***** Supplied data *****

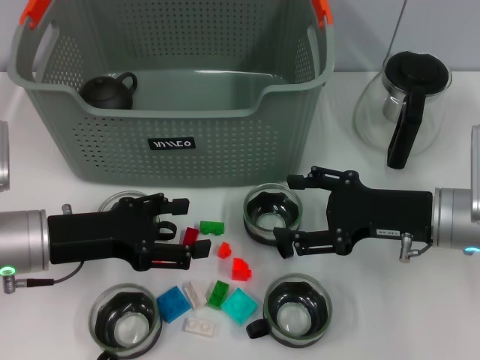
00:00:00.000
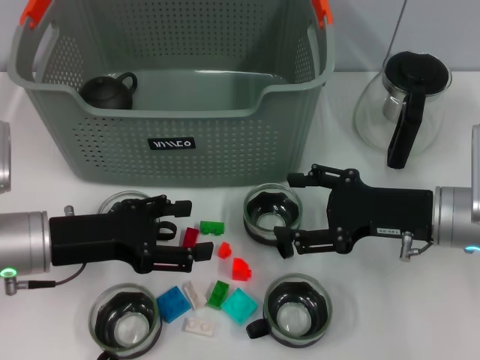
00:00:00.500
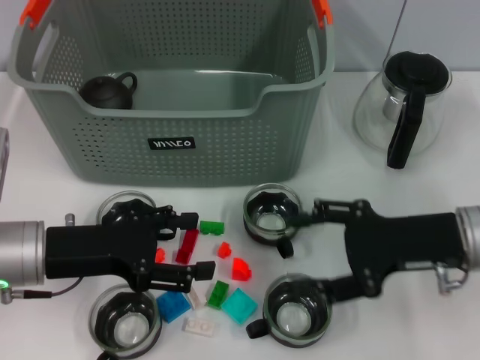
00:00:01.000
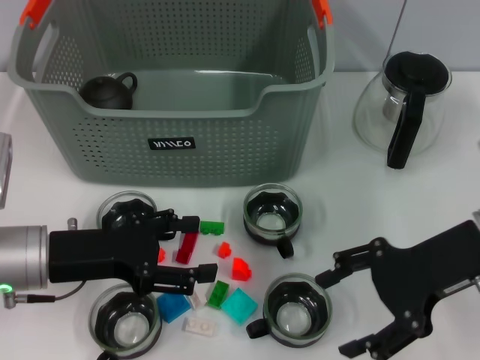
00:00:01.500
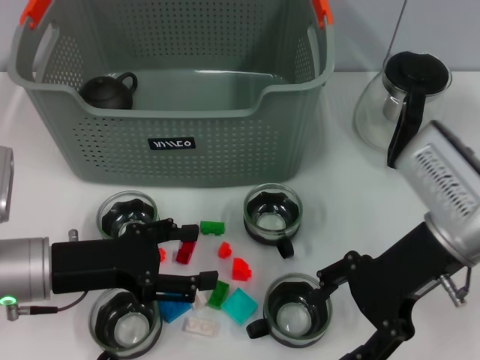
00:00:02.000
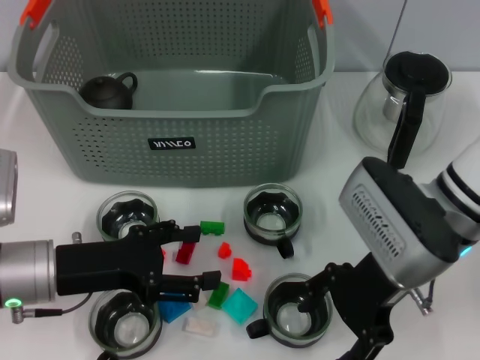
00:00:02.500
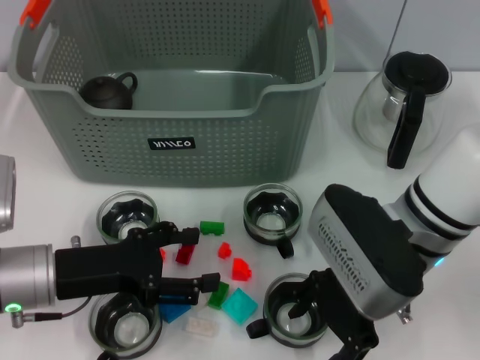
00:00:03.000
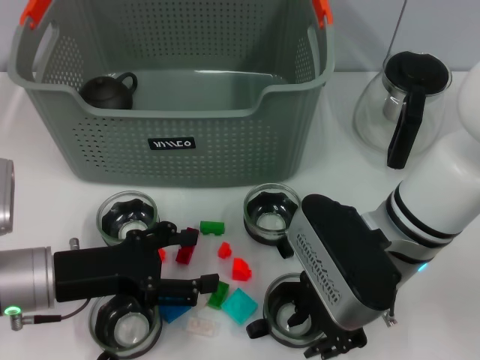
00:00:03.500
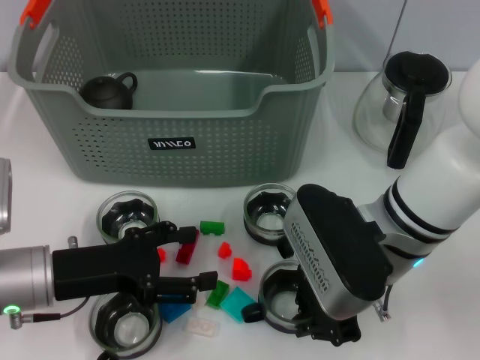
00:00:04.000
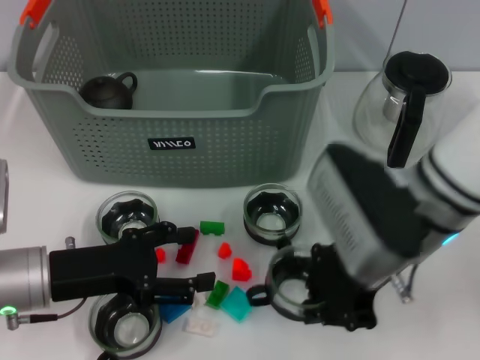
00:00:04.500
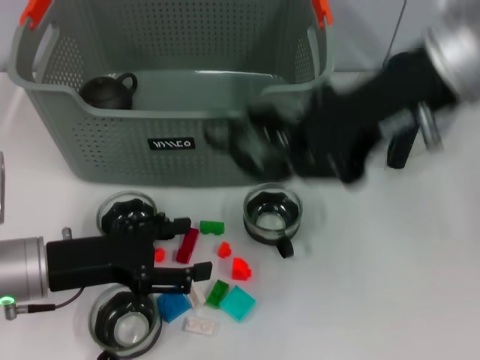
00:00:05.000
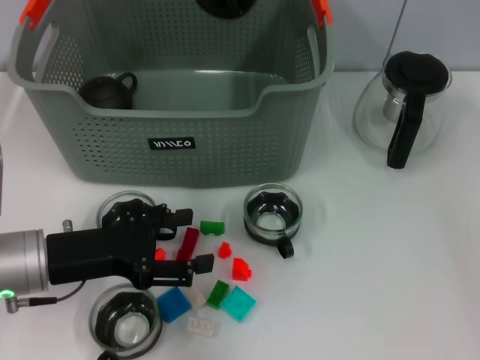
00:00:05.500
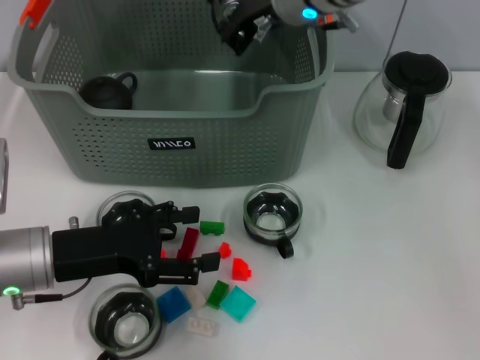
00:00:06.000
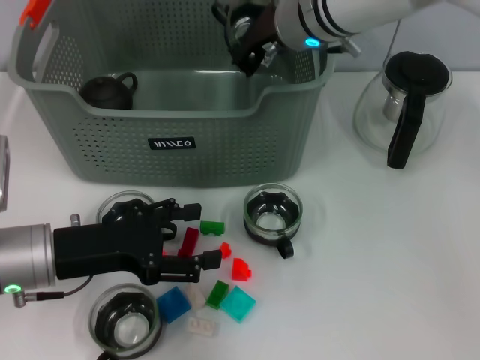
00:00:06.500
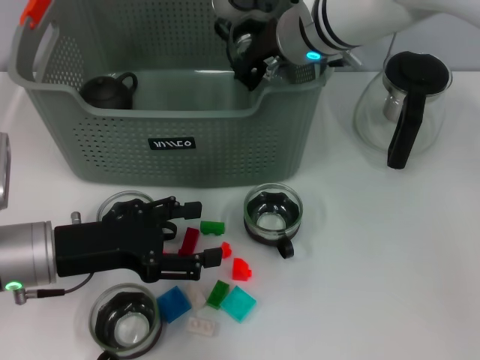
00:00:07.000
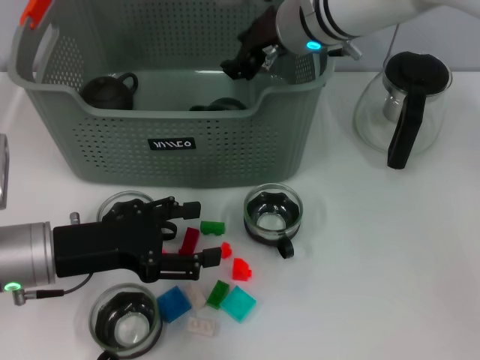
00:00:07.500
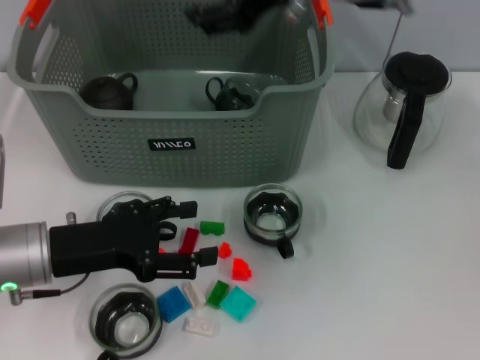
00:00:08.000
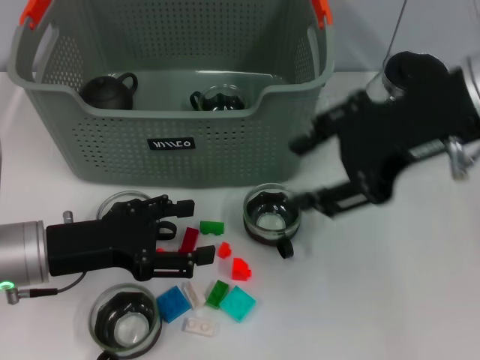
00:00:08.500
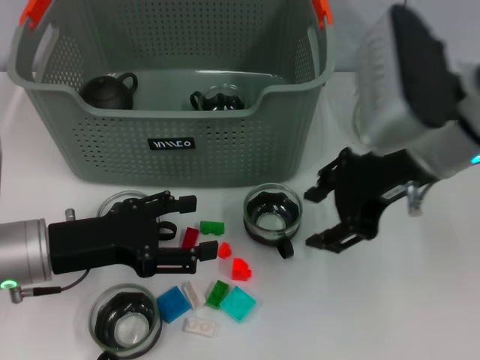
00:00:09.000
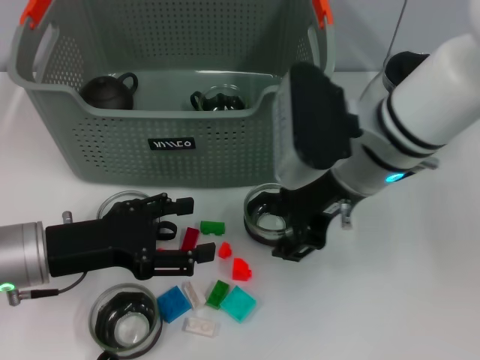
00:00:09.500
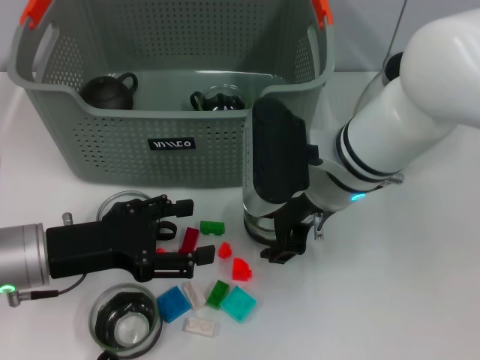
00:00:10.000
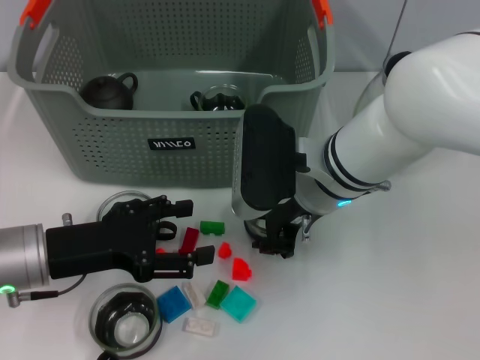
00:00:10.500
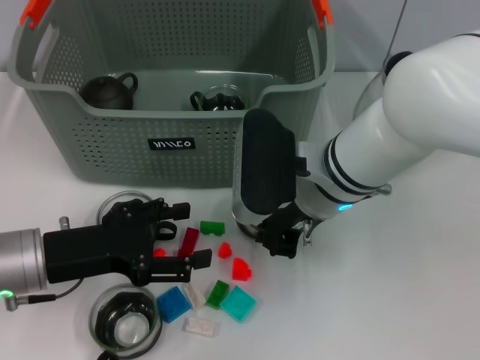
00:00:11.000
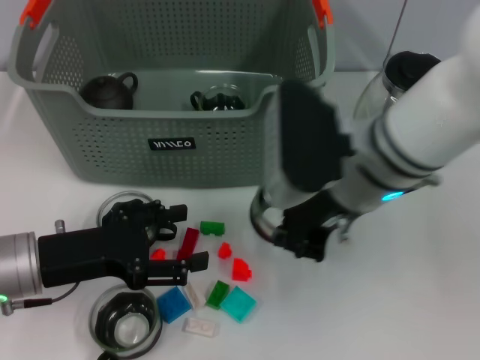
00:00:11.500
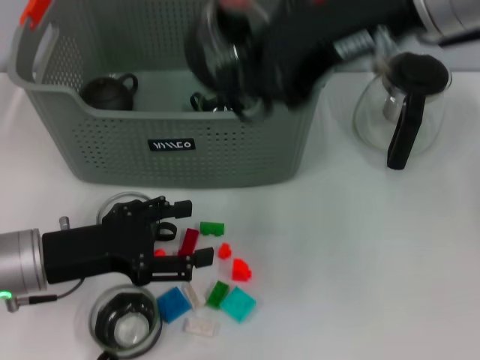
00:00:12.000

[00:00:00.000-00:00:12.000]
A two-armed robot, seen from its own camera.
Task of the whole recording: pick up the teacup on the table and place it into the storage bin, pick up the block on the table and place it into the storage bin.
Step, 00:00:00.000 to 00:00:03.500: Grasp the cup with right gripper.
Step, 00:00:04.000 to 00:00:08.000: Place the cup in the storage box with right gripper.
Step, 00:00:08.500 to 00:00:10.500: Grasp the cup with right gripper.
00:00:00.000 to 00:00:02.000: The right gripper moves upward, about 5 cm.
00:00:02.000 to 00:00:04.000: The right gripper shifts about 10 cm to the left, and closes up.
00:00:04.000 to 00:00:06.000: The right gripper heads forward and upward, covering some 20 cm.
00:00:06.000 to 00:00:08.000: The right gripper heads backward and upward, covering approximately 10 cm, and opens up.
00:00:08.000 to 00:00:10.000: The right gripper shifts approximately 15 cm downward.
00:00:10.000 to 00:00:12.000: The right gripper travels upward by about 20 cm, and closes up.

*****

- _What the task requires_
Repeat exactly the lines above, beginning at the one containing "00:00:09.500" and ending at the one containing "[00:00:00.000-00:00:12.000]". Do not carry over any pictures.

- _Answer_
00:00:09.500
00:00:10.000
00:00:10.500
00:00:11.000
00:00:11.500
00:00:12.000

[00:00:00.000-00:00:12.000]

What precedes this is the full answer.